I remember when we were just dating in Colorado. Our sunset hikes, our wine and reading dates, our road trips to the mountains for snowboarding, our flights to North Carolina for holidays with your aunt and uncle. I remember our first kiss — 4th of July, drunken and sleepy, you told me I electrified you. A couple weeks later, you were leaving for Spain — we stood outside by your car embracing, and you kissed me, apologizing, saying you couldn’t help yourself, and that you couldn’t wait to see me once you got home. Another night, at our friends house, I was in one room and you the other, and you texted me asking to come outside, because the stars looked so beautiful and you wanted to kiss me under them. We ended up staying out there for hours, getting locked out of the house until morning, talking, kissing, soaking in one another’s presence. You said I made you feel like a hopeless romantic, that just the thought of me made you want to write poetry, that you wanted to travel the world with me.

Look at us now. Married, traveling the world, building day by day upon something amazing. It’s an indescribable feeling. I know that together we are going to do wondrous things. I have no doubt in my mind about that. Where this road takes us, I don’t really care. As long as I have you by my side, it’s going to be the adventure of a lifetime. You are my best friend. You have seen me at my worst — lost, crying, unsure of myself. Pissed off, jealous, hurt, throwing things. Bed head, puffy eyes, vomiting. And you have seen me at my best — confident, positive, motivated. Joyful, laughing, with light in my eyes. Curls, makeup, dressed to the nines. You have peeled back layers nobody else has been able to. You have made me question this reality, and the infinite realms outside of it.

What happens after this life, I am unsure. Heaven, Hell… whether they actually exist, I do not know. But I do believe that there is an afterlife of some sort. Not even an afterlife per say, but a return to the great cosmic One from which we all originate. I believe that we are born to life on Earth to acquire a greater understanding, to face the evils, the distractions, the internal conflicts, and to find our way back to ultimate peace. There are so many things that we, in human form, have trouble comprehending, and even if we do get a glimpse of awareness, it proves difficult to hold on to and maintain. But I think that’s why there are souls we are meant to come in contact with, people to guide us, push us, and believe in us. I am so beyond grateful that you are one of my people, so beyond grateful that I have your hand to hold through this journey.

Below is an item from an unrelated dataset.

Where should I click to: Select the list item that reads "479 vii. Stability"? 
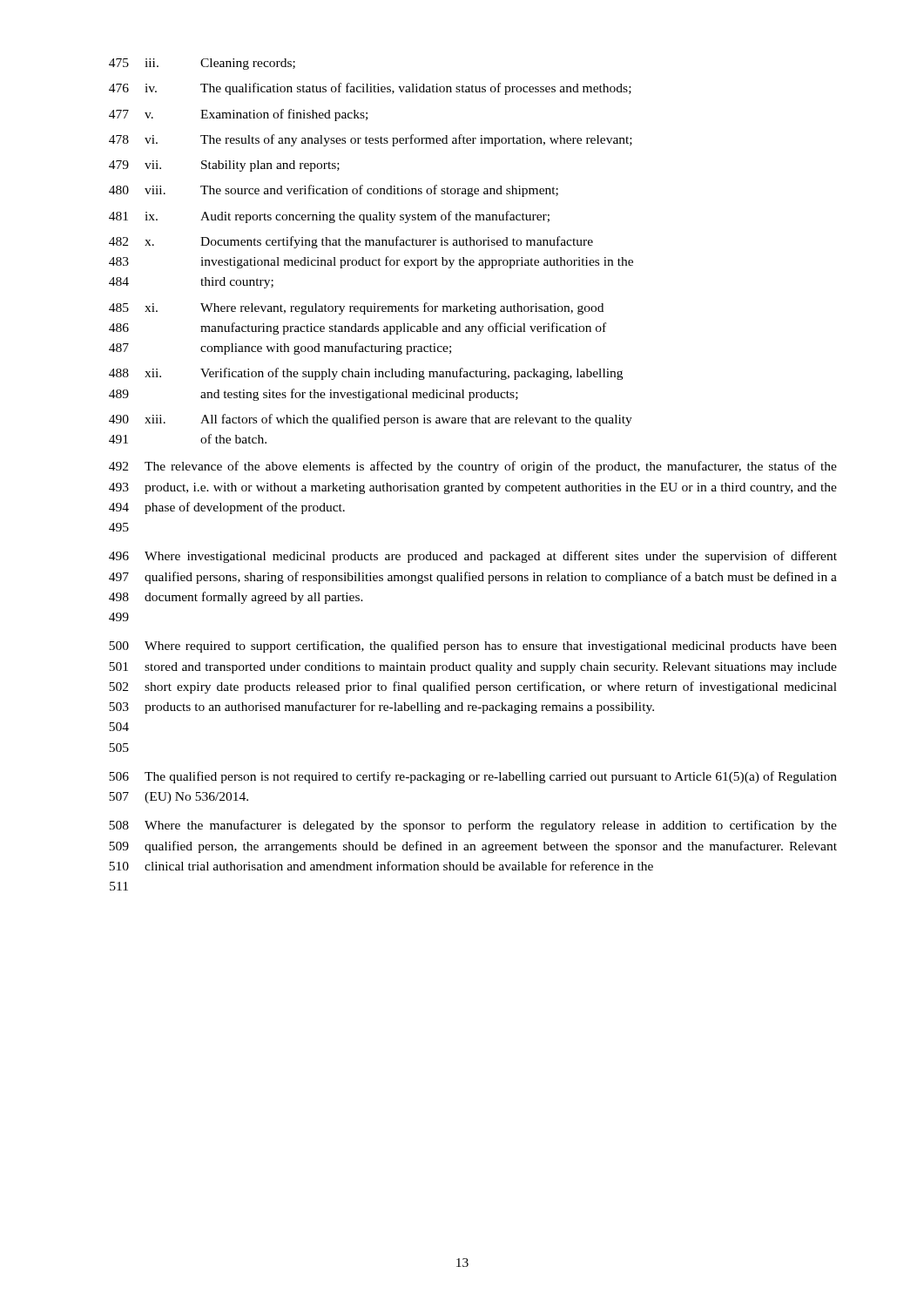click(x=224, y=166)

I admire you. I cherish you. I love you. Here’s to one year of marriage, my love, and cheers to the many more.

Yours, always,

Jordan

3 thoughts on “here’s to one year

  1. Wow Jordan! What a beautiful letter! The way you express your love and feelings for Steve is breathtaking. It was very difficult for you to make the decision to get married because of your fear of disappointing people (mom and dad, mostly) but in the end you followed your heart and went for it. This was the moment I knew you had grown up. No longer were you basing your decisions on what you believed others expected of you. Instead you chose based on your own desires for your life and future. I am so happy for you and for the life you and Steve are creating together! Congratulations baby girl and Happy One Year Anniversary to you both!!!

    Love Mom ❤

    Like

  2. This is breathtakingly beautiful and everything I aspire to be and have in my relationships. I love you and congratulations babygirl!!